CRYPTO_GO_F2M Input External execution initiation input when the User Cryptoprocessor operates in the standalone configuration without a host processor connected to the bus interface. Asserting the GO signal causes the User Cryptoprocessor to initiate execution. During execution, the status of the User Cryptoprocessor is reflected by the BUSY and DLL_LOCK ports. This signal must be tied low when the User Cryptoprocessor is used as a co-processor.
CRYPTO_PURGE_F2M Input When the signal is set to '1', it initializes the Zeroization of User Cryptoprocessor internal RAM and registers. For normal operation, this signal must be tied low. The PURGE input is level sensitive, and if the PURGE pin is still asserted when a purge operation completes, another purge operation is initiated.
CRYPTO_STALL_F2M Input Stalls the User Cryptoprocessor for a clock cycle, to introduce variance in the external signatures. The STALL input is expected to be generated by a LFSR circuit in the fabric and asserted randomly for a single cycle to achieve the required stall rates. The STALL input must not be asserted until at least three clock cycles after the HRESETN is de-asserted and the DLL has indicated LOCK for three cycles.
CRYPTO_ALARM_M2F Output Asserted to indicate an uncorrectable memory error condition. An uncorrectable memory error causes the Crypto core to perform a reset and purge. This reset terminates any in-progress operation. For most CAL operations, the CALPKTrfRes() function is used to complete the operation and generates a hardware fault code in the event of an alarm.
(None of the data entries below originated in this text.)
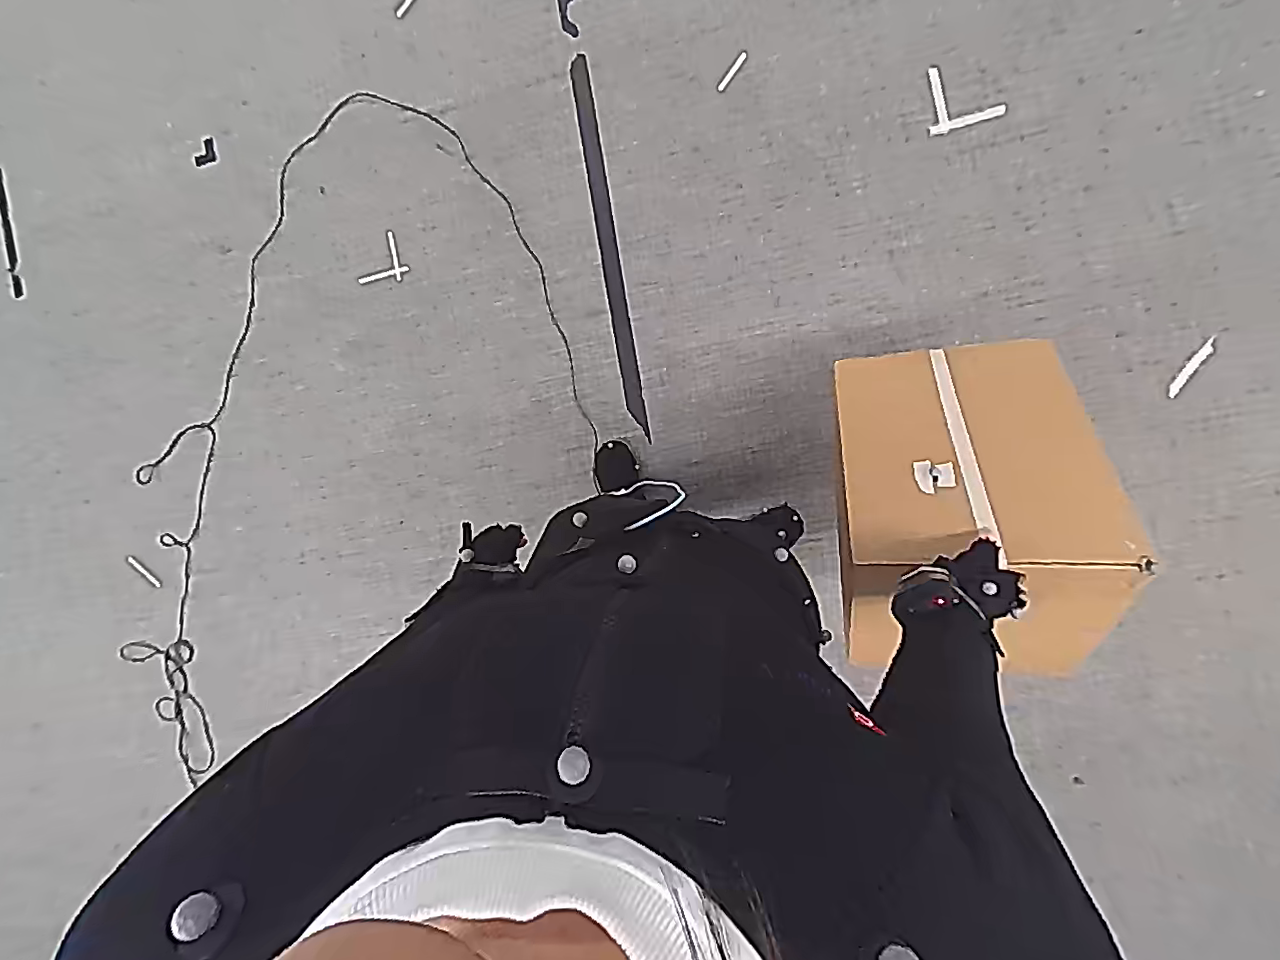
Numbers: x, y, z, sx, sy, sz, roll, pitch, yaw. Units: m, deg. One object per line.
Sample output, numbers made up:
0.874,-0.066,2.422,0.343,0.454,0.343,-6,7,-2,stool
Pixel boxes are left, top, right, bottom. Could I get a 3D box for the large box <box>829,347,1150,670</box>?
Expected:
0.483,0.046,0.868,0.320,0.320,0.408,-3,50,18,large box
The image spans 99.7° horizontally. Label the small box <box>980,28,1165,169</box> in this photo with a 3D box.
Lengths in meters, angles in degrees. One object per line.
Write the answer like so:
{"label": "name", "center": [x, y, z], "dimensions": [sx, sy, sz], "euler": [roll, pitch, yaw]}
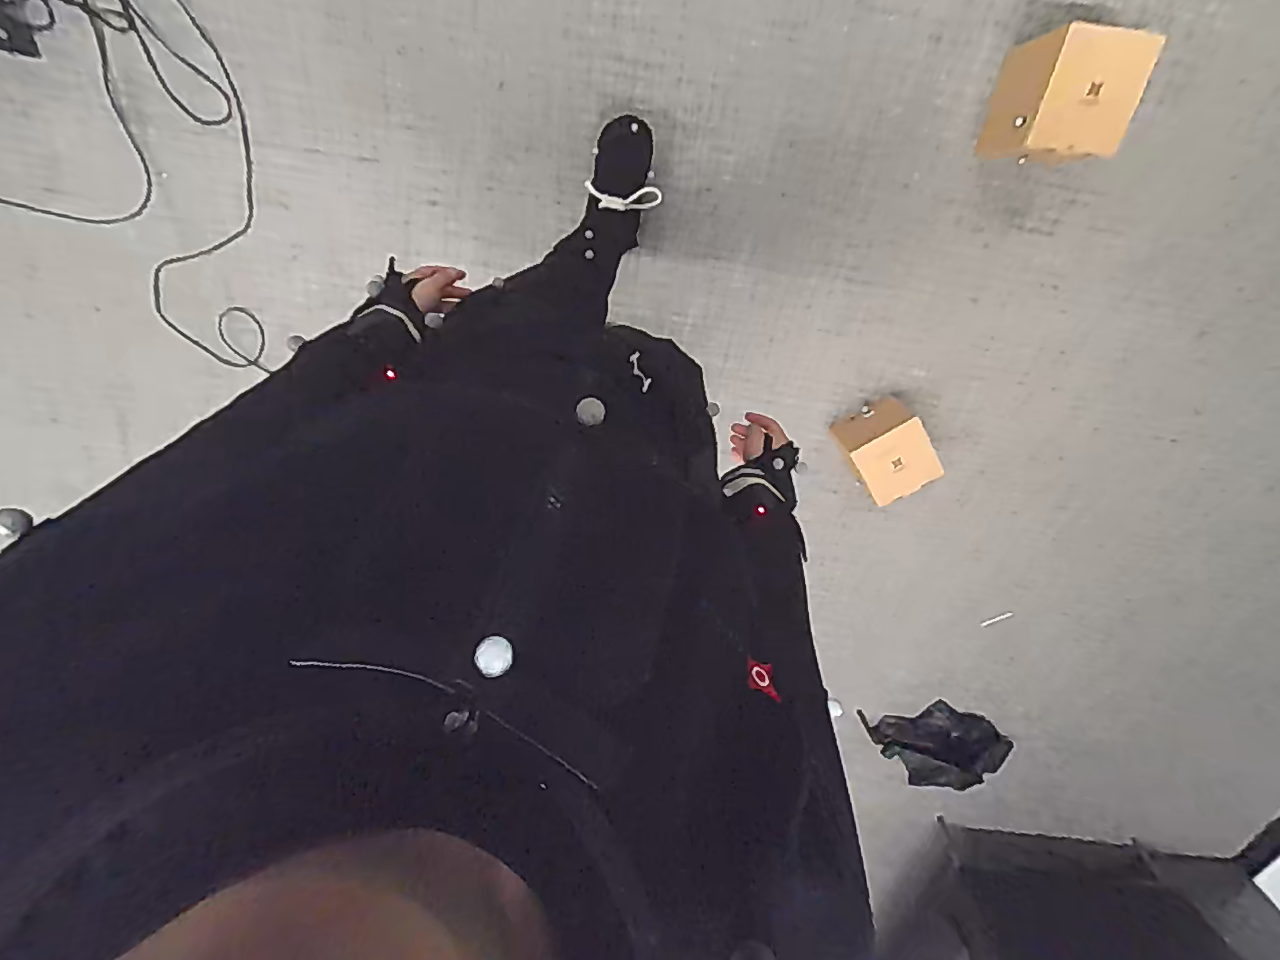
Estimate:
{"label": "small box", "center": [0.762, -0.676, 0.979], "dimensions": [0.168, 0.176, 0.179], "euler": [5, 118, -2]}

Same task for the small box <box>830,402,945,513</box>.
{"label": "small box", "center": [0.586, -0.059, 1.297], "dimensions": [0.168, 0.176, 0.179], "euler": [-32, 112, 14]}
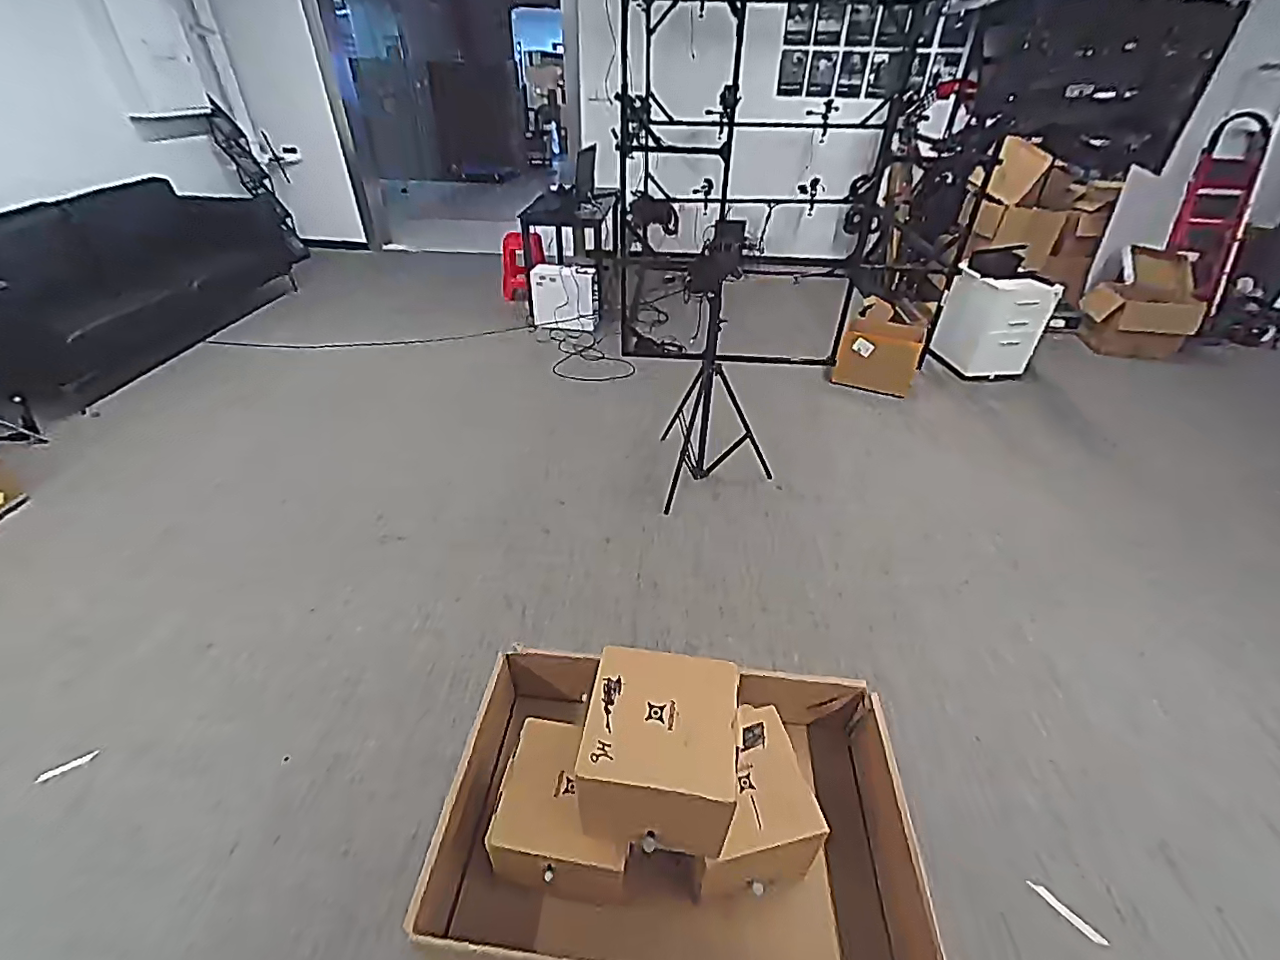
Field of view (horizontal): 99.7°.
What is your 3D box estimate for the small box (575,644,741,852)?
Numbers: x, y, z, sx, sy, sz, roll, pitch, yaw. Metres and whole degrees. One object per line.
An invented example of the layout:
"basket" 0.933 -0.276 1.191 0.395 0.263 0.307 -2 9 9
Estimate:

CRYPTO_BUSERROR_M2F Output Asserted when a HRESP response error is detected by the User Cryptoprocessor AHB master. When set, a reset is required to clear.
CRYPTO_BUSY_M2F Output Execution status signal
CRYPTO_COMPLETE_M2F Output Active high signal, asserted on raising edge of CRYPTO_HCLK to indicate that the User Cryptoprocessor has completed an operation. This signal can be connected to the host microprocessor as an interrupt request signal, enabling the User Cryptoprocessor to interrupt the processor when it completes an operation.
CRYPTO_DLL_LOCK_M2F Output DLL lock status
CRYPTO_MESH_CLEAR_F2M Input Crypto Mesh error clear should be asserted for at least 5 ns
CRYPTO_MESH_ERROR_M2F Output Indicates that the security mesh detected an error because of wires are cut or shorted. When set, stays set until cleared.
Cryptoprocessor Ownership Handshake Interface
CRYPTO_REQUEST_F2M Input Fabric request or is using the Cryptoprocessor
CRYPTO_MSS_REQUEST_M2F Output MSS request or is using the Cryptoprocessor
CRYPTO_RELEASE_F2M Input Fabric released the Cryptoprocessor
CRYPTO_MSS_RELEASE_M2F Output MSS released the Cryptoprocessor
CRYPTO_OWNER_M2F Output Indicates that the Fabric owns the Cryptoprocessor and the fabric interface is enabled
CRYPTO_MSS_OWNER_M2F Output Indicates that the MSS owns the Cryptoprocessor and the fabric interface is disabled
CRYPTO_REQUEST_F2M Input Fabric request or is using the Cryptoprocessor
CRYPTO_MSS_REQUEST_M2F Output MSS request or is using the Cryptoprocessor
Cryptoprocessor Streaming Interface
CRYPTO_XWDATA_F2M Input Transfer in data
CRYPTO_XWADDR_M2F Output Transfer in data address output
CRYPTO_XENABLE_F2M Input Transfer in data request
CRYPTO_XINACCEPT_M2F Output Transfer in data accept
CRYPTO_XRDATA_M2F Output Transfer out data
CRYPTO_XRADDR_M2F Output Transfer out data address output
CRYPTO_XVALIDOUT_M2F Output Transfer out data valid output
CRYPTO_XOUTACK_F2M Input Transfer out data acknowledgment
Note: 1. Input refers to an input port to MSS from Fabric and output refers to an output port from MSS to Fabric.